AI監獄ウイグルを読むと、ウイグルは米中テック企業が作った「最悪の実験場」のように思える
台湾関連で中国に関して先週騒がしい状況でしたが、日本のマスコミでペロシの台湾到着を生中継した局はなかったようです。
ロシアのウクライナ侵攻もありますし、ちょっと周りが見えてないかなと言う気がしますが。
とくに台湾海峡ってエネルギー面でも日本にとって相当重要なわけで、無責任に脱原発煽ったの含めて全体像見てないのはどうなのかという印象です。
その思いを強くした理由として、「AI監獄ウイグル」を読んだというのもあります。
読み終わるとAIや洗脳の怖さを覚えると同時になぜ欧米が中国に対して距離をとるようになったかもよくわかります。
米中テック企業が作った「最悪の実験場」
前書きで100人以上にインタビューしたとは言え明らかに誇張している人の内容は除外していると書かれてますから、それでこのレベルの中身なのが怖さではあります。

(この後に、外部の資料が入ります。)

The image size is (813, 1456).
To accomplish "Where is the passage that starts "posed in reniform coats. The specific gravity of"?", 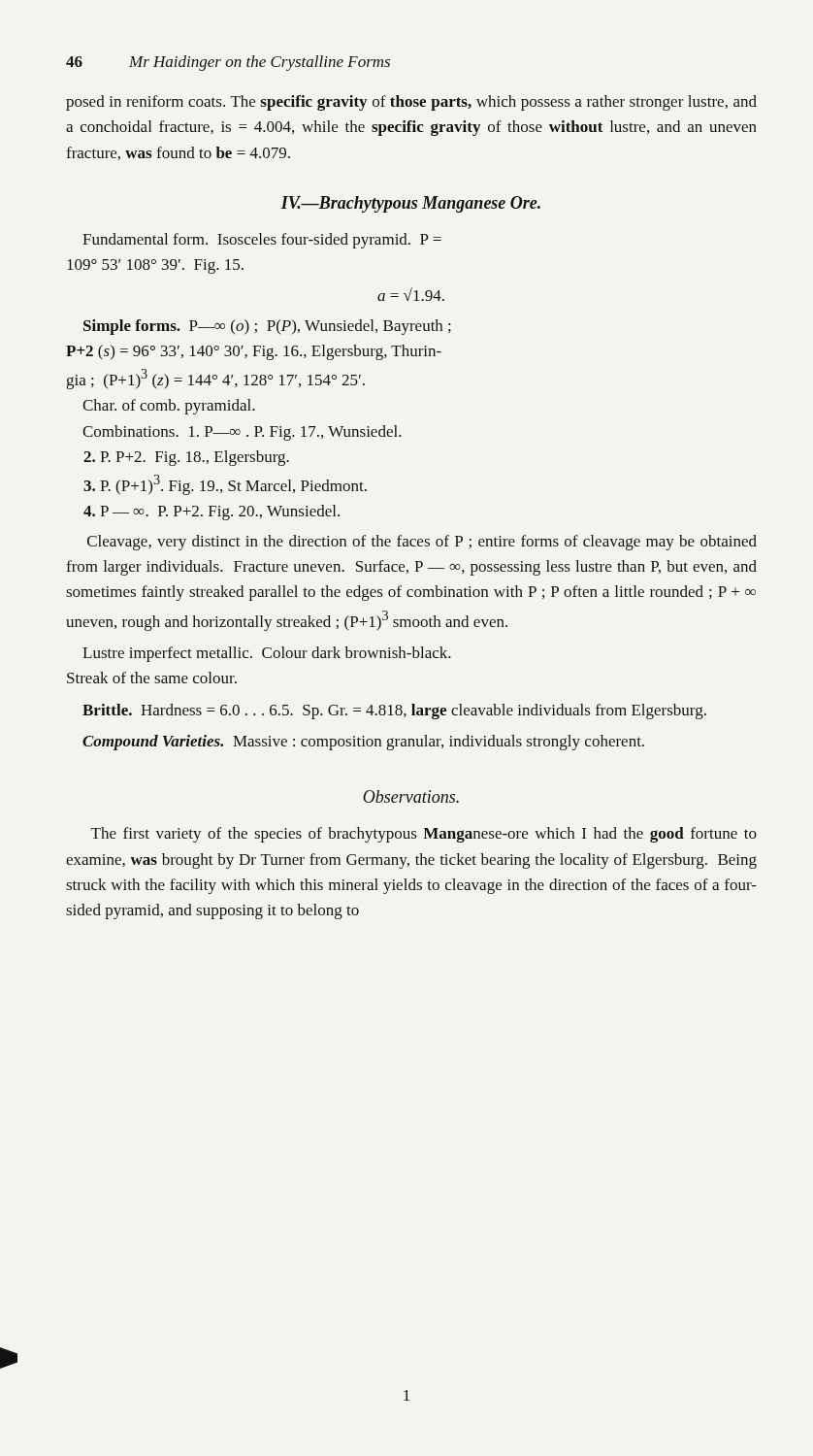I will point(411,127).
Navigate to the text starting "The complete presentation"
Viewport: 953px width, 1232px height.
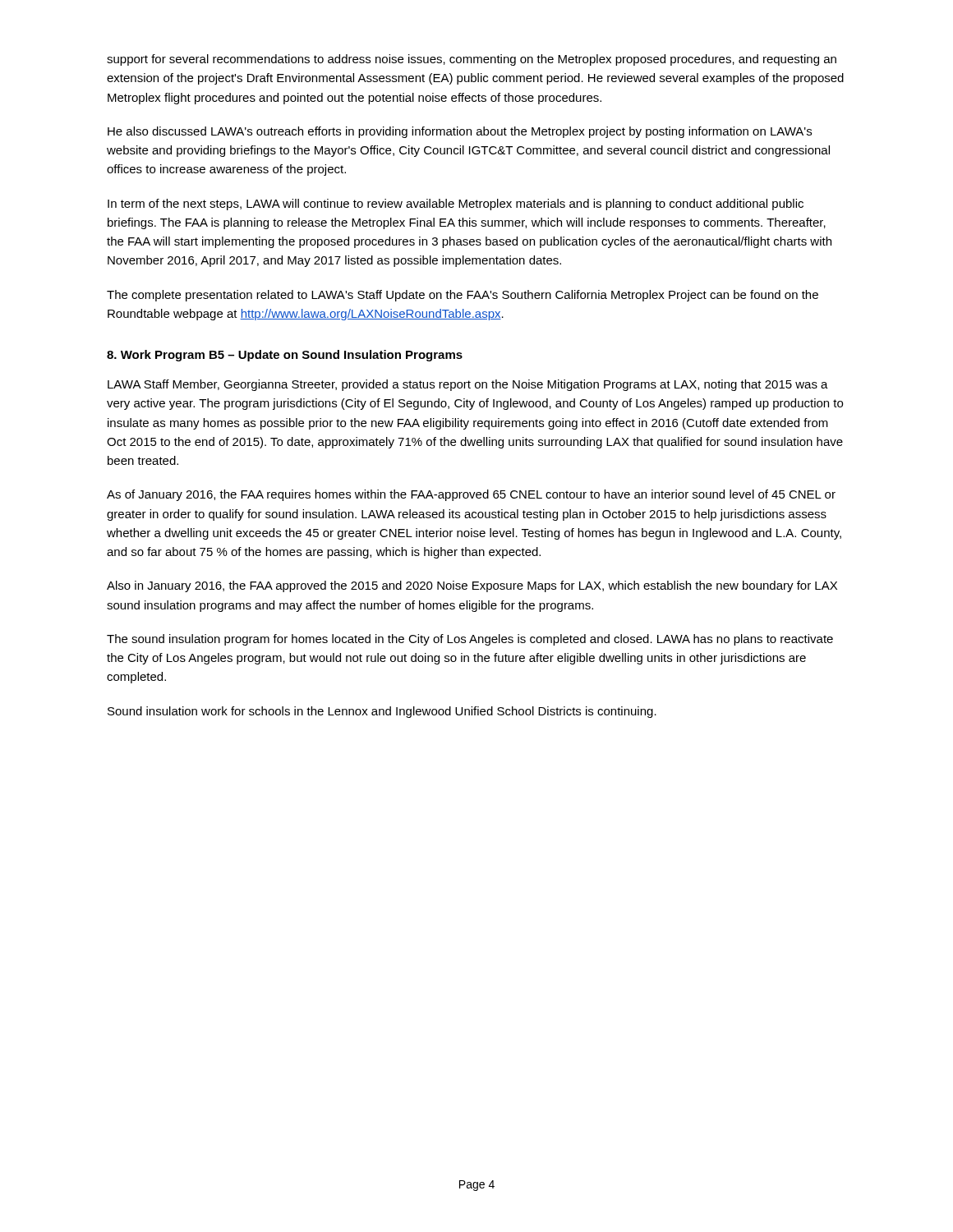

インタビューを受けてる人たちは明らかに状況が悪化していく中で幸運にもウイグルから脱出できた人たち。
半数くらいの人が強制収容所に入れられていて、その中では思想教育と極限状態において洗脳に近い物。
おまけに外で暮らしている人たちは少しでも怪しい部分があるとスコア付けで店の利用等も制限されるわけで、中国テックをもてはやしている有識者もいましたが、これを読むとちょっとやばくないかと思うレベルです。
ちなみに5年くらい前の飲み会で他社に「中国が出てきて経済支配されても日本はなんとかなるよ」と言ってる人がいましたが(スマホも安いから中華製)、その後欧米で中国企業が規制されてるのを見ますとあのとき抱いた違和感がなんとなく顕在化していないかと思う今日この頃です。
あと一路一体という話がありましたけど、ウイグルの民族的にカザフスタンやトルコに亡命した状態になっても、亡命先の政府が強制連行→中国へ強制送還も行われてたりする模様。
加えて現地にスパイがいたり、中国に残った親族の電話番号から電話がかかってくるなど、本が書かれて多少なりとも時間が経っていて現在どうなってるんだ?という気がします。
これを読むと漢族中心の発展している沿岸部やらはどうなってるのかが気になるのと同時に、新疆に工場建ててる欧米企業にESG投資を語る資格はないかなと思いました。
技術的に欧米の技術を活用しているわけですが、厳しくなったとしても産業スパイ的なものをどうするのかは気になりました。
で、AI監獄ができるまでの移行期の間に亡命できた人たちへのインタビューが多く載っていましたが、気になった点は末端を虐げたとしても軍部で反乱起きたときとか対応できるのか?というのは思いました。
ちなみに資本主義だけ残ったによると中国などの国家主導型の政治的資本主義に関しては以下の点が指摘されています。
- 腐敗はどちらでも起こるが、法適用が曖昧の面で弱い政治的資本主義は高い成長率と効率的な行政を永久に気を抜けない。
- 政治的資本主義は社会的な施策で失敗したら取り返しがつかない確率が高い。
コロナや不動産バブルの施策で失敗している気がするのですが、これがウイグルにとっていい方向に行くといいのですが。
ともあれ中国の負の側面を知る上で有意義な一冊だと考えます。